Inlandshandel und internationaler Handel Unterschied

In der anstehenden Diskussion werden Sie über die Unterschiede zwischen Inlands- und Außenhandel informiert.

Internationaler Handel bezieht sich auf den Handel zwischen zwei verschiedenen Ländern (wie Indien und Bangladesch) oder einem Land und dem Rest der Welt (z. B. Indien und Großbritannien, Deutschland, USA usw.). Ersteres wird bilateraler Handel und letzteres multilateraler Handel genannt.

Inlands- oder Binnenhandel ist der Handel, der zwischen den verschiedenen Regionen desselben Landes stattfindet (z. B. der Handel zwischen Kalkutta und Mumbai oder Kalkutta und Chennai usw.). Es ist anzumerken, dass es einige Gemeinsamkeiten zwischen diesen beiden Handelsarten gibt.

Der gesamte Handel, ob national oder international, ergibt sich aus der Spezialisierung. Da eine Region eines Landes Waren aus anderen Regionen bringt, um die Mängel auszugleichen, versucht ein Land, Waren und Dienstleistungen, bei denen es Mängel aufweist, aus anderen Ländern zu bringen.

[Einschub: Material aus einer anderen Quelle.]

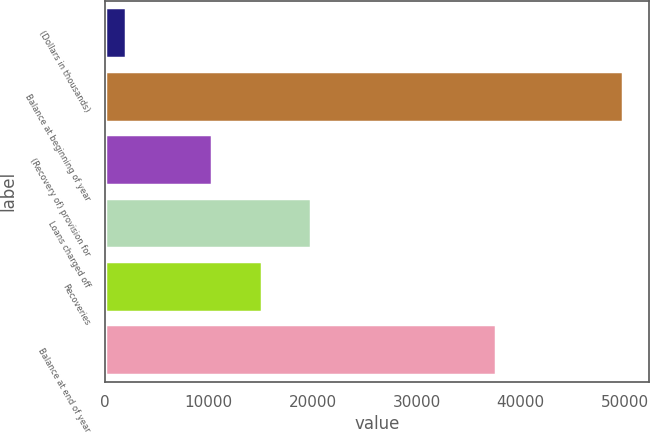Convert chart to OTSL. <chart><loc_0><loc_0><loc_500><loc_500><bar_chart><fcel>(Dollars in thousands)<fcel>Balance at beginning of year<fcel>(Recovery of) provision for<fcel>Loans charged off<fcel>Recoveries<fcel>Balance at end of year<nl><fcel>2004<fcel>49862<fcel>10289<fcel>19860.6<fcel>15074.8<fcel>37613<nl></chart>

Land, Arbeit und die anderen Ressourcen, die für die Produktion verwendet werden, sind nicht gleichmäßig auf die Nationen der Welt verteilt. Mineralien wie beispielsweise Kohle, Eisen und Gold kommen nur in bestimmten Gebieten vor. Ebenso sind die klimatischen Bedingungen, die für das Wachstum bestimmter Rohstoffe (wie Rohrzucker, Reis und tropische Früchte) wesentlich sind, nur in bestimmten Regionen der Welt gegeben.

Daher sind die Länder voneinander abhängig, wenn es um die Versorgung mit Lebensmitteln, Rohstoffen und anderen Produkten geht. Aber Länder können nicht die Produkte kaufen, die sie voneinander benötigen, ohne bestimmte Dinge im Austausch zu verkaufen. Somit sind sie für Märkte voneinander abhängig. Es gibt jedoch einige Unterschiede zwischen diesen beiden Handelsarten. diese fordern eine eigene Theorie für den internationalen Handel.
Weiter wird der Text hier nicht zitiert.